Choose the simplified form of the following expression: \( (4 x-7)^{2}-(x+5)^{2} \) \( 15 x^{2}+66 x-24 \) \( 17 x^{2}-46 x+24 \) \( 17 x^{2}-23 x+24 \) \( 15 x^{2}-66 x+24 \)

To simplify the expression \( (4x - 7)^{2} - (x + 5)^{2} \), we can apply the difference of squares formula, which states that \( a^{2} - b^{2} = (a - b)(a + b) \).
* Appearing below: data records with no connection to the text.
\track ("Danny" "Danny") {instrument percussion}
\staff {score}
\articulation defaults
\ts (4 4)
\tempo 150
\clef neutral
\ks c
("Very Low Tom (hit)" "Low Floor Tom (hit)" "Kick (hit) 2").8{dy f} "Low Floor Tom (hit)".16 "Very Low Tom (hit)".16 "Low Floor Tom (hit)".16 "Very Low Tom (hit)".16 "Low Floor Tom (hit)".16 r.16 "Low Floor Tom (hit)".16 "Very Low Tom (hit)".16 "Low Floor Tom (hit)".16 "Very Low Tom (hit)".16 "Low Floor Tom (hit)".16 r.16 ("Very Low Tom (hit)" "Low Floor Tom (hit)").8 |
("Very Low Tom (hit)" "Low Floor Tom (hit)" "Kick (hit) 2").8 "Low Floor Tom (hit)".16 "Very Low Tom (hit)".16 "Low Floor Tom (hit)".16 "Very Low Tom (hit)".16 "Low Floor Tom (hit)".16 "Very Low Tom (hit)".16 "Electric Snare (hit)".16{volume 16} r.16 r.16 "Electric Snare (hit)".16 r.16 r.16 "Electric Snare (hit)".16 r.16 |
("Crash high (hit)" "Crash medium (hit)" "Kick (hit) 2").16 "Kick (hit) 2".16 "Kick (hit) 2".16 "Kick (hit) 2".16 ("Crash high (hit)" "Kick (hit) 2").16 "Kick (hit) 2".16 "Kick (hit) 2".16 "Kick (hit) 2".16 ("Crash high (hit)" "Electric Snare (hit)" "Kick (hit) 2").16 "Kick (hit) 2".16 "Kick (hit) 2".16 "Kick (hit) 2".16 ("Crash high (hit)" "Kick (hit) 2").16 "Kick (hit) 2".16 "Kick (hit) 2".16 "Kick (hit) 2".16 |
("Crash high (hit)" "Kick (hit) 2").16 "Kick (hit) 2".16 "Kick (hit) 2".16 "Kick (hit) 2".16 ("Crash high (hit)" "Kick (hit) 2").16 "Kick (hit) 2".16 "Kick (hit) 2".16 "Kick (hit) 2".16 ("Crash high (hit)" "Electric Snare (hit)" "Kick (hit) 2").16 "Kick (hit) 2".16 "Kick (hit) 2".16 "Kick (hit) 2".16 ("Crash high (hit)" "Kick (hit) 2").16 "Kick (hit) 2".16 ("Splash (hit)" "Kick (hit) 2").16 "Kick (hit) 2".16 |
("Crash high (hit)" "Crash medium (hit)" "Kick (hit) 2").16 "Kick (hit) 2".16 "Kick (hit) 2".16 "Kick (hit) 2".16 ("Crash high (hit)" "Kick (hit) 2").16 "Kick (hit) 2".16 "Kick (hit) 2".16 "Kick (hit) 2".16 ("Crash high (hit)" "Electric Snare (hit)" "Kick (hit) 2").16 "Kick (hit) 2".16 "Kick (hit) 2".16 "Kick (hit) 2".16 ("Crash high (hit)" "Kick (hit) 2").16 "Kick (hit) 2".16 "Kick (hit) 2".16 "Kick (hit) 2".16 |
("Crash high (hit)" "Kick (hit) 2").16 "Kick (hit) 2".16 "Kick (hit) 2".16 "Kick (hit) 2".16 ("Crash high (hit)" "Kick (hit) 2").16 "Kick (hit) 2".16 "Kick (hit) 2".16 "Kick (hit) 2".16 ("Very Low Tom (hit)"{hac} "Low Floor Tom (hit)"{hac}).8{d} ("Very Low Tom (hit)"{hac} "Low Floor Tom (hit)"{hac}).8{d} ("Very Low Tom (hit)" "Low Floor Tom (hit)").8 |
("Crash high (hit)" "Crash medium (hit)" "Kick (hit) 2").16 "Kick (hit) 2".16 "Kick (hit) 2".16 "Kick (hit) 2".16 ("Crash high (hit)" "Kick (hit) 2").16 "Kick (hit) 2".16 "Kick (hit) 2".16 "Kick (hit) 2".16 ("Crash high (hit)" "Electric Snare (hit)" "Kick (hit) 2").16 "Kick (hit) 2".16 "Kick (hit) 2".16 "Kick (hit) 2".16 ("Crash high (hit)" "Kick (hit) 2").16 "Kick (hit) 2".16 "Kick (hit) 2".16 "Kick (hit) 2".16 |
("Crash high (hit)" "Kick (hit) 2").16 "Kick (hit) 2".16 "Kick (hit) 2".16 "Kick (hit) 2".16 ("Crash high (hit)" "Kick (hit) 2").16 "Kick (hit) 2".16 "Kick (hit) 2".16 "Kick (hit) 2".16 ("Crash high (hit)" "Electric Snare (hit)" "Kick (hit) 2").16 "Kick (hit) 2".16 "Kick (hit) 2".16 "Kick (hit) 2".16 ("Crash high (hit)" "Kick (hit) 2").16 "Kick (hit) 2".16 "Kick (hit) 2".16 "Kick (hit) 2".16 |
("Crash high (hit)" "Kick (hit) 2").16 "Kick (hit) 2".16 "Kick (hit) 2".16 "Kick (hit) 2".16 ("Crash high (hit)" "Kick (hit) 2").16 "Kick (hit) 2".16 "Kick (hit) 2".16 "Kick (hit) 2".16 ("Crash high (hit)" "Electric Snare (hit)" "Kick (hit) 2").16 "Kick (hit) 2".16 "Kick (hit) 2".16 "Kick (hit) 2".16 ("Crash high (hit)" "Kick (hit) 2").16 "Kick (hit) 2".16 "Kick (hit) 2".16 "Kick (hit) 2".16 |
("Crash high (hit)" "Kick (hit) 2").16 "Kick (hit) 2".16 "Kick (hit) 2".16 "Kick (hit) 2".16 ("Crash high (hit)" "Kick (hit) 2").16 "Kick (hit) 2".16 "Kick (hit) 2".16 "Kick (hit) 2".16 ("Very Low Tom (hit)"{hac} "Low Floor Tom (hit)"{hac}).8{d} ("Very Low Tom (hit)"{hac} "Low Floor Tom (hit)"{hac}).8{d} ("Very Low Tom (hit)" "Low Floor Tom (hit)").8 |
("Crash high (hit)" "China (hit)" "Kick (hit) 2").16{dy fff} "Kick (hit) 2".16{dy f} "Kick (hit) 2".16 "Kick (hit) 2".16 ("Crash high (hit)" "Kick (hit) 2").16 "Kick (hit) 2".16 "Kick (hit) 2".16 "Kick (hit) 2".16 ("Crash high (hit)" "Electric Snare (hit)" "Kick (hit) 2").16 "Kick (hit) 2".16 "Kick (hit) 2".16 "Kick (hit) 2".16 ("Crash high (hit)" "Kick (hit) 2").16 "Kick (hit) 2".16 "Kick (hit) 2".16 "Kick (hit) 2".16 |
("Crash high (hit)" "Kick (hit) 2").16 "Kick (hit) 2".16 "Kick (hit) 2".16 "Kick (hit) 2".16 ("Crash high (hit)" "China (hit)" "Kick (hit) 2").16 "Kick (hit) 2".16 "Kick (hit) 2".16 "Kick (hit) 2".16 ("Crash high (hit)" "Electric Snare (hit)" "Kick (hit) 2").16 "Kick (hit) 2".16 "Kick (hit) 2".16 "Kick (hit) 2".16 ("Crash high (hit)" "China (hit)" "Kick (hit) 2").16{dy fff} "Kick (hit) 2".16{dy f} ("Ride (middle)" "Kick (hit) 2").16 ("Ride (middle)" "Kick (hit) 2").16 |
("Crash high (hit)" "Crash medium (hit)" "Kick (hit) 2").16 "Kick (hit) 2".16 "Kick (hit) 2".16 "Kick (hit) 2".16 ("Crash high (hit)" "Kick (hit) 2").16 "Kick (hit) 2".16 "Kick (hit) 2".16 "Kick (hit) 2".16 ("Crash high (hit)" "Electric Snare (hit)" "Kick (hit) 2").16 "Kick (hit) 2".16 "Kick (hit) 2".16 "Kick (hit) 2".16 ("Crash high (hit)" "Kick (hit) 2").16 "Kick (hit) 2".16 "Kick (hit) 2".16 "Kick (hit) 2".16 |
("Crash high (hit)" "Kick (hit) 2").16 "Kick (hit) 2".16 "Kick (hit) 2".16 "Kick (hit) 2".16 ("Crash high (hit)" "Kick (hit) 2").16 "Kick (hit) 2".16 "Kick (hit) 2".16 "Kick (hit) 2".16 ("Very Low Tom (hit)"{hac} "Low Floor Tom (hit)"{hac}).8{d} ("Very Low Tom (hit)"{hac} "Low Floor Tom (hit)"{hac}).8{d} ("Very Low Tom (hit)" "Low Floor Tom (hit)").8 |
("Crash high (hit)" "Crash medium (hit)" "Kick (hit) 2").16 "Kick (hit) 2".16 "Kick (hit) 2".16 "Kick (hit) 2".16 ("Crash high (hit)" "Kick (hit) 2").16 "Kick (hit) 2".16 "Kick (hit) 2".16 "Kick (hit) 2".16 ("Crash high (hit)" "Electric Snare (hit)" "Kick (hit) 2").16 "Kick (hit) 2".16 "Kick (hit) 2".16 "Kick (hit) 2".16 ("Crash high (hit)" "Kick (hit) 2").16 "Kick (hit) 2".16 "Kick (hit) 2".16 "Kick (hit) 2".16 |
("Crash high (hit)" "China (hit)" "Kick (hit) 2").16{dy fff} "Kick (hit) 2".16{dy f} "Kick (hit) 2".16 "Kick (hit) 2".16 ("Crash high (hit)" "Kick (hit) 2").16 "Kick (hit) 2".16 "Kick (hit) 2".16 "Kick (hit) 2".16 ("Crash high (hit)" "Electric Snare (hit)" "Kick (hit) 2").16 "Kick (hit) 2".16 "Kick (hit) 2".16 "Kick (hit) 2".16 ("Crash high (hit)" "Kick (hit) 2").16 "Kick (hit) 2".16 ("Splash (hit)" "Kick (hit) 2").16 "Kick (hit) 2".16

Letting \( a = 4x - 7 \) and \( b = x + 5 \), we find: 1. **Calculate \( a - b \)**: \[ a - b = (4x - 7) - (x + 5) = 4x - 7 - x - 5 = 3x - 12 \] 2. **Calculate \( a + b \)**: \[ a + b = (4x - 7) + (x + 5) = 4x - 7 + x + 5 = 5x - 2 \] So the expression becomes: \[ (3x - 12)(5x - 2) \] Now we will expand this product: \[ = 3x(5x) + 3x(-2) - 12(5x) - 12(-2) = 15x^{2} - 6x - 60x + 24 = 15x^{2} - 66x + 24 \] Thus, the simplified form of the expression \( (4x - 7)^{2} - (x + 5)^{2} \) is: \[ \boxed{15x^{2} - 66x + 24} \] So the correct answer among the options provided is \( 15 x^{2} - 66 x + 24 \).